Cakupan aspek kerjasama juga cukup luas, mulai dari pelatihan bersama hingga pelatihan. Demikian pula perwira militer Indonesia yang dikirim untuk mengikuti program di Australia berasal dari berbagai tingkatan.
Itu sebabnya pemerintah geram ketika Australia yang sejatinya dianggap sebagai negara sahabat ikut andil dalam melepaskan Timor Timur dari pangkuan Indonesia.
“Persepsi bahwa Timor Timur dipisahkan belum sepenuhnya hilang di tubuh TNI, baik di masa lalu maupun kepemimpinan saat ini. Padahal, perjanjian kerja sama sudah ditandatangani dengan Australia pada 1990-an. Namun, ini tidak bisa menghentikan Timor Timur untuk lepas dari Indonesia,” kata Evan.
Meski sempat muncul krisis, faktanya kedua negara tetap berkomitmen untuk menjaga hubungan baik dalam jangka panjang. Hal ini menjadi bukti bahwa hubungan kedua negara sudah matang.

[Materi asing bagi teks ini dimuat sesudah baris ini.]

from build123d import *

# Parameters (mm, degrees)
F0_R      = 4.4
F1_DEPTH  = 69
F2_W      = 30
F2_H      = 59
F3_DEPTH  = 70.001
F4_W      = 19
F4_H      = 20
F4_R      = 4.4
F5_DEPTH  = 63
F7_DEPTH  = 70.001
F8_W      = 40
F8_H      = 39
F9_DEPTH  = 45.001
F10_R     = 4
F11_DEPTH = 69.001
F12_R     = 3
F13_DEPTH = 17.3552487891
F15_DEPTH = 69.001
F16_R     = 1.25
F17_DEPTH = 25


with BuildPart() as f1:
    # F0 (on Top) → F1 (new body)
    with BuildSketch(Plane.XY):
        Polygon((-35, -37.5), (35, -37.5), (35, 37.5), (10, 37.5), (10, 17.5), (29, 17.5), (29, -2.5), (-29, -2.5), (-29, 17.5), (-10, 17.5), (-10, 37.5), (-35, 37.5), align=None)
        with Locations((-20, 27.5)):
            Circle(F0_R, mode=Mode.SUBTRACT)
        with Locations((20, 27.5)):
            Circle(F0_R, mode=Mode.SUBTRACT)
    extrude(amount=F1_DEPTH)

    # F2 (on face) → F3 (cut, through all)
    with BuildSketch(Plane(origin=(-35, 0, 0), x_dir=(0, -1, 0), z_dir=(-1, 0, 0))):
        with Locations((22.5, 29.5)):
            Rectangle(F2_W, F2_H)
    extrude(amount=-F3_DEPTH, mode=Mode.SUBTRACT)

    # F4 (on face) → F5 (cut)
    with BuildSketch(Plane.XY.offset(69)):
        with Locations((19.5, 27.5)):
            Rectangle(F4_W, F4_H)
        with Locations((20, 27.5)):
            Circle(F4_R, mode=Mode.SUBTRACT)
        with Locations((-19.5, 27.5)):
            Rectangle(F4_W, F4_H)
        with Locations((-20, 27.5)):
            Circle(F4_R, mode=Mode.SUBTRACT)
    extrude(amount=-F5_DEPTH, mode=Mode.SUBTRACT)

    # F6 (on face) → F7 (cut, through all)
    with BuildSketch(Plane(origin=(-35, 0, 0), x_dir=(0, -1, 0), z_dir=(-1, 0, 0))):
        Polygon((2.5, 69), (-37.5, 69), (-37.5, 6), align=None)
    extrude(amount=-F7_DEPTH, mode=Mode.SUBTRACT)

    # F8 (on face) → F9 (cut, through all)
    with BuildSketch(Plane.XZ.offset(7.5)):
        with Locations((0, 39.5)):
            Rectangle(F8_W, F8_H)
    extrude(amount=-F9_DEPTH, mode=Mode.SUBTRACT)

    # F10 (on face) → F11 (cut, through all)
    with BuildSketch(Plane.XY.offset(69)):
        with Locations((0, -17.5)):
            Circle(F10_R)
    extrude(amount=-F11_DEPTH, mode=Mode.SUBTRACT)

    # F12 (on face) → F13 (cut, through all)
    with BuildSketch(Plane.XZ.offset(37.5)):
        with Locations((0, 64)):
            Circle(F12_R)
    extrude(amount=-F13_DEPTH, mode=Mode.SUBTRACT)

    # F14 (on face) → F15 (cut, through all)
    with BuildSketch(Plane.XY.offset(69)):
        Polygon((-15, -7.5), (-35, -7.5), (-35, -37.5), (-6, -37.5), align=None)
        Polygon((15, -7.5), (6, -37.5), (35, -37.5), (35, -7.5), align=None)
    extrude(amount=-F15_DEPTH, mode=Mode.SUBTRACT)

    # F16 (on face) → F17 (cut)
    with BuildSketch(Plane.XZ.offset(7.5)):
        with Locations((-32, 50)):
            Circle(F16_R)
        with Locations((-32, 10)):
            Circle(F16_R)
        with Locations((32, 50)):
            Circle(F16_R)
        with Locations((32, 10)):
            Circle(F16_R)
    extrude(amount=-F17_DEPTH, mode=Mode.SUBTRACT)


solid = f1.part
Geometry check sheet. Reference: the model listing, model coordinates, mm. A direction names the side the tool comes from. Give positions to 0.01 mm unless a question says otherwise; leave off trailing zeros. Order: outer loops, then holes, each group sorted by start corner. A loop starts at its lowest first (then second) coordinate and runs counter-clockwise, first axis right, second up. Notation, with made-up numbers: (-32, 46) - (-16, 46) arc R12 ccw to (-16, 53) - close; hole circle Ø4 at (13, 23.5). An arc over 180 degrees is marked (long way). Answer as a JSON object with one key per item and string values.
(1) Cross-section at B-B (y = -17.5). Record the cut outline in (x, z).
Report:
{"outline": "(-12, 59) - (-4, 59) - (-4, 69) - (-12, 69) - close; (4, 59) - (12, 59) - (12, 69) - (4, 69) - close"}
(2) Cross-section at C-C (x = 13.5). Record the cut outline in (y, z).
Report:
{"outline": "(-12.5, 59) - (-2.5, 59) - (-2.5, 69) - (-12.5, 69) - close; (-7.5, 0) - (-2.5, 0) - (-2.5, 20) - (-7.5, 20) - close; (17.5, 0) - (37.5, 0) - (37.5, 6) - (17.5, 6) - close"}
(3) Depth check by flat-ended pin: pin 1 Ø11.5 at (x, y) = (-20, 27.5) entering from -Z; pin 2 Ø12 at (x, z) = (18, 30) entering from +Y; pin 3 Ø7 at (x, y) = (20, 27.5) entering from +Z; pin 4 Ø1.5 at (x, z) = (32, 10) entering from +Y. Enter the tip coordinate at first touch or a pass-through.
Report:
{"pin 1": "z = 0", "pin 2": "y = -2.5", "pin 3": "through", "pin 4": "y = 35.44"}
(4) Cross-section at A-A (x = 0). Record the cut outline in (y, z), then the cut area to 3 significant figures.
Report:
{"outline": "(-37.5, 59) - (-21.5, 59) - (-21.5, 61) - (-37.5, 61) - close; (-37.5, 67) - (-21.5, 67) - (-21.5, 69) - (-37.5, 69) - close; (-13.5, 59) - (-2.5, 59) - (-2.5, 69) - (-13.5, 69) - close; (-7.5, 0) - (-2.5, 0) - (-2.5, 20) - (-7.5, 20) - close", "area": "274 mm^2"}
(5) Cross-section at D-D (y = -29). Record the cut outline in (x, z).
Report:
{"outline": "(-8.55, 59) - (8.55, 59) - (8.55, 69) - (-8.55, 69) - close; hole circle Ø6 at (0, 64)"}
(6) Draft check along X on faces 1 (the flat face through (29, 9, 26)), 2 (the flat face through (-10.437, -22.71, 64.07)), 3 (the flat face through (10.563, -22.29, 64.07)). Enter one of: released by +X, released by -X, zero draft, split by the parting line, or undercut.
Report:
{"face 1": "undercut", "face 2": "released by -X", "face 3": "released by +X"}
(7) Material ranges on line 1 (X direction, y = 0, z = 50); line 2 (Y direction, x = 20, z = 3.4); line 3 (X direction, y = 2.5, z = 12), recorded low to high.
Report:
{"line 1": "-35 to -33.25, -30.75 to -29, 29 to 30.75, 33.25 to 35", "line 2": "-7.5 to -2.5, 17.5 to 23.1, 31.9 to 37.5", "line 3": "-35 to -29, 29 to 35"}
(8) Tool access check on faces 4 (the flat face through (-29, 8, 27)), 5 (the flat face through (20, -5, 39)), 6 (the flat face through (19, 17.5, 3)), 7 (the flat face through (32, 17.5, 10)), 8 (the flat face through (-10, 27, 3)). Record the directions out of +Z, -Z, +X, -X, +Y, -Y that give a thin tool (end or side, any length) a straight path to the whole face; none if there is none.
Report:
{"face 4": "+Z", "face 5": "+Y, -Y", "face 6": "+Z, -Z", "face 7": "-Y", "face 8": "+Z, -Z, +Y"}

Harapannya kembali tinggi, agar kedua negara meningkatkan kerjasamanya. Salah satu bidang potensial yang dinilai belum digarap secara optimal adalah perdagangan.
Karena itu, salah satu agenda Jokowi dan Kepala BKPM Thomas Lembong dalam kunjungan kerja ke Australia yang sempat ditunda pada November 2016 adalah mendorong terwujudnya kerja sama ekonomi atau yang biasa dikenal dengan CEPA. Peningkatan kerjasama di bidang ekonomi merupakan realisasi dari keinginan kedua pemimpin yang ingin berbagi kesejahteraan bagi rakyat kedua negara. (BACA: Indonesia-Australia Sepakat Bahas Kerja Sama Ekonomi Komprehensif)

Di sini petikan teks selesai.